Small Island

Second only to the birth of the Manchester Book Club back in April, two of the top highlights of last year were the boyfriend and I’s cheap and cheerful camping holidays. Like my smug book choices for our trip to Glastonbury in September, yesterday I found myself musing on one particularly gorgeous afternoon spent sat outside a wooden hut on Eigg in June, bottle of beer in one hand and Andrea Levy in the other…


Although it’s almost a lifetime since I finished Small Island, the pure enjoyment I got from Levy’s exploration of the migrant experience in post-war Britain lingers on….the perfect read for a lazy summer’s day. The vitality that the four-person narrative brings to the tale (chapters are alternately told from the point of view of London landlady Queenie Bligh, her husband Bernard, RAF recruit Gilbert Joseph and his wife Hortense) strikes the perfect chord and keeps the story rolling as we follow in Gilbert’s footsteps, facing the hard experience for the Jamaican ex-serviceman in bombed-out London head-on. Needless to say, poverty and racism are abound. Levy, however, delivers her story with sophistication.

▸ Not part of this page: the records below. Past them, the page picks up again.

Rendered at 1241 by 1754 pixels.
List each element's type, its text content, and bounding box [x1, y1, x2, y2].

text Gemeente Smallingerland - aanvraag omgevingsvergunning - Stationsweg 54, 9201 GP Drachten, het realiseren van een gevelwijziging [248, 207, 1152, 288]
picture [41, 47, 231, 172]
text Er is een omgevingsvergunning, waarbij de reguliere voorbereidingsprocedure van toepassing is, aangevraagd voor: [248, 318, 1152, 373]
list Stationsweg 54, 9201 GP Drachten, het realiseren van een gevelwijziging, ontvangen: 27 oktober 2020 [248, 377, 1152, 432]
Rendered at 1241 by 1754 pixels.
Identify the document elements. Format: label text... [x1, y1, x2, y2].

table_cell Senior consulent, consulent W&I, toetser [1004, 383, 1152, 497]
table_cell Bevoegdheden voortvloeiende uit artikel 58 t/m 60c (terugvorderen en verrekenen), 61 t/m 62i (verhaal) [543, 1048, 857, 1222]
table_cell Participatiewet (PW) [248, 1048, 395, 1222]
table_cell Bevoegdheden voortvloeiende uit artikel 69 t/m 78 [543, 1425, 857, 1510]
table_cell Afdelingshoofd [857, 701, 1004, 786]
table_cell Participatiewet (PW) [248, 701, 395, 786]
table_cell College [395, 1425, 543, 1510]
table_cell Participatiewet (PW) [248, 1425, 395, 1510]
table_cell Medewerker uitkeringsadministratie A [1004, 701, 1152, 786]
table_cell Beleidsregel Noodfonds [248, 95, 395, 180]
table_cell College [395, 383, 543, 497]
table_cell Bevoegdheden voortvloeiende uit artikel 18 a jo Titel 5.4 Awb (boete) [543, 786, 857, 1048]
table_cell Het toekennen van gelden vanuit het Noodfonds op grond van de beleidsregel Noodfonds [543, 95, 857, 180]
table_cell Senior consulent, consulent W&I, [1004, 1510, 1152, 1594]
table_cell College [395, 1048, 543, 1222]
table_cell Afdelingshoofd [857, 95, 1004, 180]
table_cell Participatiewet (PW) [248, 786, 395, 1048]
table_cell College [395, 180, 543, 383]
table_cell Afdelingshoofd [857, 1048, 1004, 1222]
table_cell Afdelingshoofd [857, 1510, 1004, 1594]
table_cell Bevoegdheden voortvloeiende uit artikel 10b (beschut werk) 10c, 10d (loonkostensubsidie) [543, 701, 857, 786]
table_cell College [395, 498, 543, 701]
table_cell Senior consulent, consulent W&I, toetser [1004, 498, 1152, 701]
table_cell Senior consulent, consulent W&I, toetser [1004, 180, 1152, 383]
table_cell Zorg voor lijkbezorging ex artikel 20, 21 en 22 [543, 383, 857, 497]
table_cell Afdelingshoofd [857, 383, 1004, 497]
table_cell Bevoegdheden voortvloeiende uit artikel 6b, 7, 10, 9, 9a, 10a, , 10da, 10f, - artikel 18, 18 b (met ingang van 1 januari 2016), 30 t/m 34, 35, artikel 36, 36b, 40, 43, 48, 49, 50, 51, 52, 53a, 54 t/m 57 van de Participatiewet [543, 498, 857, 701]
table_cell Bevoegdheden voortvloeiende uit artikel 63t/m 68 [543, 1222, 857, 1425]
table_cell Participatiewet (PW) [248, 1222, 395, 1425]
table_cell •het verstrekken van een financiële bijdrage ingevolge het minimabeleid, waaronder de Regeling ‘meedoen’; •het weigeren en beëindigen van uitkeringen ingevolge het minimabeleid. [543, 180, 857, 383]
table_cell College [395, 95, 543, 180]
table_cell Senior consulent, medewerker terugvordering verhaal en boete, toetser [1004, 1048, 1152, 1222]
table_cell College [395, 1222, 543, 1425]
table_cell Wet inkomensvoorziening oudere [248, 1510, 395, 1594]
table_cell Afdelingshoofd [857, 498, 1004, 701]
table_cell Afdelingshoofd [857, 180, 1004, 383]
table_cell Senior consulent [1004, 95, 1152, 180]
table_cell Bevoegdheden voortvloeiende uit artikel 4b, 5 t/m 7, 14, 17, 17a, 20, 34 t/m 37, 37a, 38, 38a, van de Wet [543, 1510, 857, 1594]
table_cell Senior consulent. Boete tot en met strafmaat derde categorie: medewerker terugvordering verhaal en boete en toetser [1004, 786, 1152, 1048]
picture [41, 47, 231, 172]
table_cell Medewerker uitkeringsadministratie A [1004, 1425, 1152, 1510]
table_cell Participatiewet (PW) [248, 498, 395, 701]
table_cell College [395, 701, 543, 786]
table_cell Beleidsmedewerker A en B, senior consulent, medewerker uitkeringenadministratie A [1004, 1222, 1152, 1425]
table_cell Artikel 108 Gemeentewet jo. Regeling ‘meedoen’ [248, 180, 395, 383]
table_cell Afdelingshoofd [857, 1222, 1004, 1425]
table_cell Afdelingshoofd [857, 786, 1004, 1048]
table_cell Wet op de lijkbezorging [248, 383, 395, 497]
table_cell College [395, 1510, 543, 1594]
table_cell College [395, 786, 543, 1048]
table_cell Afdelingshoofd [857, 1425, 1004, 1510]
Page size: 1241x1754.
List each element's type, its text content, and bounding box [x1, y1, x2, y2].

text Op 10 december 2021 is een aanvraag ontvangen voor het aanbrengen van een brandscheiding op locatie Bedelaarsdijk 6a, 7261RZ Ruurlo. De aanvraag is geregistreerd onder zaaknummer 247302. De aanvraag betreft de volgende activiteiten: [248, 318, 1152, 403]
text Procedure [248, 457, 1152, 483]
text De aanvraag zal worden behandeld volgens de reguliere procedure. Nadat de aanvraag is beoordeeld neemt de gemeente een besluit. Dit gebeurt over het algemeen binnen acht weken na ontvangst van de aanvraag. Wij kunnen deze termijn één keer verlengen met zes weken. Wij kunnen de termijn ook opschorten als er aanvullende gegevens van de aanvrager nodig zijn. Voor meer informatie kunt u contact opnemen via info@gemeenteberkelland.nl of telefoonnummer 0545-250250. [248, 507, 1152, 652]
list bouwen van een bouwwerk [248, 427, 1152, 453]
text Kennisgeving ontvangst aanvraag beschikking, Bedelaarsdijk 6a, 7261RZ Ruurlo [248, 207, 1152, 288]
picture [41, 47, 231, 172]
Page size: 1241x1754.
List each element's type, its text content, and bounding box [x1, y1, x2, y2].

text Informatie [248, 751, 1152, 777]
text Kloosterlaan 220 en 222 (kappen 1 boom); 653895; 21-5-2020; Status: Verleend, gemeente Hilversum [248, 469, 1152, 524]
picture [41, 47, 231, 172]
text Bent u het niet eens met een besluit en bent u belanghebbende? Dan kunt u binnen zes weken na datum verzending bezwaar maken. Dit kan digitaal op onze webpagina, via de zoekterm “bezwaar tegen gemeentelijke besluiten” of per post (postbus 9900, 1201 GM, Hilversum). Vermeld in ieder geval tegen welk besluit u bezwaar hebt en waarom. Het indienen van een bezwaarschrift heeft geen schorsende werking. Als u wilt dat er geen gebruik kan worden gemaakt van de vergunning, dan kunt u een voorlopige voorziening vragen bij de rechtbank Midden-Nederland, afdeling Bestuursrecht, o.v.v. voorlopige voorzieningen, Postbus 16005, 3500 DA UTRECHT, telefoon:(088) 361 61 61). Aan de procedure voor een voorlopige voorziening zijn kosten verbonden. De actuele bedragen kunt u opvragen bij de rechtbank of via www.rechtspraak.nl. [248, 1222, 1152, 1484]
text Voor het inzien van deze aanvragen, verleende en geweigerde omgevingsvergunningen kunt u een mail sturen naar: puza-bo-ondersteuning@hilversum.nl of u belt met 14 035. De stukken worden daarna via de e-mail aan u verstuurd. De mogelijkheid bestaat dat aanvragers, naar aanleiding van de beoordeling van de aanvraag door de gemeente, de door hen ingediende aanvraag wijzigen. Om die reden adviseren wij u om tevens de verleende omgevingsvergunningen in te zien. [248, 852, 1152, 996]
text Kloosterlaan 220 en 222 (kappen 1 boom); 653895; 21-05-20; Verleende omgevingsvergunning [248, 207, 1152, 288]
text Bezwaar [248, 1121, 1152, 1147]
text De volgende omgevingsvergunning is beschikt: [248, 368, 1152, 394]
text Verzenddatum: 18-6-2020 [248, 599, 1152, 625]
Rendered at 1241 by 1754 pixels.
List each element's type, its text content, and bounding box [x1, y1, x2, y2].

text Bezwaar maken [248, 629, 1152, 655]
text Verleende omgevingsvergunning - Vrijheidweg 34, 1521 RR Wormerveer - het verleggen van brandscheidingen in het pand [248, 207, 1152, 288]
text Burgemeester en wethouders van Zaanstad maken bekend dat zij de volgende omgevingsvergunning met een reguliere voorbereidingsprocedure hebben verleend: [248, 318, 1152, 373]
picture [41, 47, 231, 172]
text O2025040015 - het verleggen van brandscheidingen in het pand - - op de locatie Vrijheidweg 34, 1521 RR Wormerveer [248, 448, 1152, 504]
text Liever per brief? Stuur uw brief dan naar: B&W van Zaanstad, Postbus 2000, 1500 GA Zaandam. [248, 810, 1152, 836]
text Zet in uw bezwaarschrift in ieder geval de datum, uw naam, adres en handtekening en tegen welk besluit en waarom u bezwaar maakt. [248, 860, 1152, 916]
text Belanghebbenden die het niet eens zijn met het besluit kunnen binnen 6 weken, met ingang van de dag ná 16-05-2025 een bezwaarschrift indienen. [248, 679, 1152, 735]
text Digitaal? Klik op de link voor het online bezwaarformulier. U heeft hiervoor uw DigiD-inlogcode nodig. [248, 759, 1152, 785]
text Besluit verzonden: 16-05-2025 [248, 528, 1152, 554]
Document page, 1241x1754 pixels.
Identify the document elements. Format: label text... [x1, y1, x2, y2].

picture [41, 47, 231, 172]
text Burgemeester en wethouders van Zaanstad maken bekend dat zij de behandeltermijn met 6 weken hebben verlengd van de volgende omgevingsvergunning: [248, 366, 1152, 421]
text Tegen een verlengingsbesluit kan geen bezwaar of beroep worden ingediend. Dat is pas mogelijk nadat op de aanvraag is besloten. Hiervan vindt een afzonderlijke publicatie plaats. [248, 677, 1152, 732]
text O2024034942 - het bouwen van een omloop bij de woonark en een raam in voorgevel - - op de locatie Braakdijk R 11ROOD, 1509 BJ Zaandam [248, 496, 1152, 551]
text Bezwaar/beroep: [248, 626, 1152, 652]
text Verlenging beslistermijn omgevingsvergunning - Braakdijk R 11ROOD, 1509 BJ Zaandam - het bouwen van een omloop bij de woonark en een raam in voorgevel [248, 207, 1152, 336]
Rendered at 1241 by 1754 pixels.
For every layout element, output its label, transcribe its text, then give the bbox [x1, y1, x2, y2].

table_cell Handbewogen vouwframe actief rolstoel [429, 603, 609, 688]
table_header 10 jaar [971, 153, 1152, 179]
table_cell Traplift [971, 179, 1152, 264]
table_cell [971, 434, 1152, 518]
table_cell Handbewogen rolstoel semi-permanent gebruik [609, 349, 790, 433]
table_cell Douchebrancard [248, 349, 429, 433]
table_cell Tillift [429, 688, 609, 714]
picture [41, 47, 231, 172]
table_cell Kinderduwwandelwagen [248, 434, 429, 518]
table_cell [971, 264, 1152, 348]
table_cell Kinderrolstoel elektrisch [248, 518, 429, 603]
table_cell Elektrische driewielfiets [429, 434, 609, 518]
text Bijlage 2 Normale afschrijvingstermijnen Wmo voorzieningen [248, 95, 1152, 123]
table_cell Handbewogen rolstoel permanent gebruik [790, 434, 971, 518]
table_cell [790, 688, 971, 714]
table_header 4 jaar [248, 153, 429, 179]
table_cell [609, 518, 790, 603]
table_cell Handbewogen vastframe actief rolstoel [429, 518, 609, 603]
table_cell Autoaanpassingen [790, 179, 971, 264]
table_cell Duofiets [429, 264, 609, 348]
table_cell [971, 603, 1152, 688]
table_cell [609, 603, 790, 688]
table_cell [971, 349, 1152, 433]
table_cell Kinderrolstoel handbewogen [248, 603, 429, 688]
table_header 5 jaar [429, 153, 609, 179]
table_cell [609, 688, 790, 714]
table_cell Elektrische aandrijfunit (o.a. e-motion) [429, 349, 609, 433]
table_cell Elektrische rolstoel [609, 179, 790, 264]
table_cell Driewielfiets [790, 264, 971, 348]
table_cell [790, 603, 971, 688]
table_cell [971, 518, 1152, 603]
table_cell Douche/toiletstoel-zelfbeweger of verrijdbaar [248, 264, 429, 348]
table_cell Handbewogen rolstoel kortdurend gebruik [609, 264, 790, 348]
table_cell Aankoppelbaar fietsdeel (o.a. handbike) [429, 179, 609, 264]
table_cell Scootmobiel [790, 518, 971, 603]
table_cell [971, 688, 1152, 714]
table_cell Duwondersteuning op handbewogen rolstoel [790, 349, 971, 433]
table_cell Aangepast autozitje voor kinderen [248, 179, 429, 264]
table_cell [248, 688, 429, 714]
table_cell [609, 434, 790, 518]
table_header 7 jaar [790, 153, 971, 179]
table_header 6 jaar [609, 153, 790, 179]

Headline : Paperback : 2004 : Fiction : 530 pages

Although this book felt like pure, simple entertainment whilst basking in the sun, this is a tale with a brain and a heart after all. Levy’s bridging of too disparate cultures appears effortless. As well as grasping into the heart of wartime London, the Jamaican steals the limelight, in all his/her tooth-sucking glory.

In a world where ‘no blacks, no Irish, no dogs’ were permitted entry into certain establishments, Queenie (not to be confused with Blackadder’s ‘Queenie’) is a breath of fresh air. Although we are occasionally bombarded with a little too much melodrama to be believed (e.g. cinema segregation between blacks/whites ending in a deadly shoot out in a village street) it is Queenie’s consistent frankness and transparent lack of prejudice that save the reader from the complete and utter disgust felt as we are reminded of the unacceptable ‘welcome’ smartly felt by many ex-servicemen from the colonies returning to the supposed ‘motherland’. Bernard’s very British brand of racism vs Hortense’s delusions of grandeur make for hard debate indeed.

DEBATE. That’s what we need. This would undoubtedly be a perfect choice for a book group. A hard-hitting subject combined with easy-going prose. Go on. Give it to your book group. Or even better. Read it on the beach (only English cider will do)….

8 thoughts on “Small Island

  1. Have you heard the BBC World Book Club program with her? A very interesting program. Wish our library would acquire a copy, I’m so looking forward to reading this book! I think I’ll follow your advice and recommend it for book club next year.


    1. Yes I did actually! Just the other night when I was trying to regain the flavour of the book. I adore those radio programmes and listen to them everyday on the way home from work 🙂 You should read this book, it’s the perfect thing to read for when you just want to relax and be entertained


  2. We had Small Island for my book club about three years ago and it was a brilliant choice. It’s usually quite hard to get everyone into a proper discussion, Some of them get tired of talking about books quickly, but I remember with this one we were still chatting over lunch.


    1. The fact that you sometimes find it hard to discuss some books is heartening because I (sillily I know) usually end up feeling so guilty when we have similar ‘tumbleweed’ nights at the Manchester Book Group. It does vary wildly depending on the book and I’m glad my gut instinct about this one proved right! 🙂


    1. It is beautiful Marie! Completely unspoilt and the people (only 70 or so of them living on the Island) are lovely and so welcoming. If you ever get the opportunity to visit the Hebrides you must go (and if you’ve already been then ignore me because you know that already!)
      I’m very proud of my super-blue photo. My photographs are never that great but I’d have to be pretty terrible with scenery like that as my muse…


  3. I think this might be on of my favourite books of all time. I loved all the narrative voices, even the not so nice (though not really his own fault) one in the mix. It is a book that completely captivated me and I just loved both Queenie and Hortense who are two of my favourite female characters ever. I think they both manage to steal the show wonderfully from each other alternately. Great review, brilliant view.


    1. Why thanks very much Mr Savidge! One of your favourites of all time? You surprise me… I probably wouldn’t go that far as I didn’t necessarily feel like I was reading anything brand brand new. However, it was so well written – as all of Levy’s books are – and I also ADORED the female characters. Bigger b*lls than the men by far!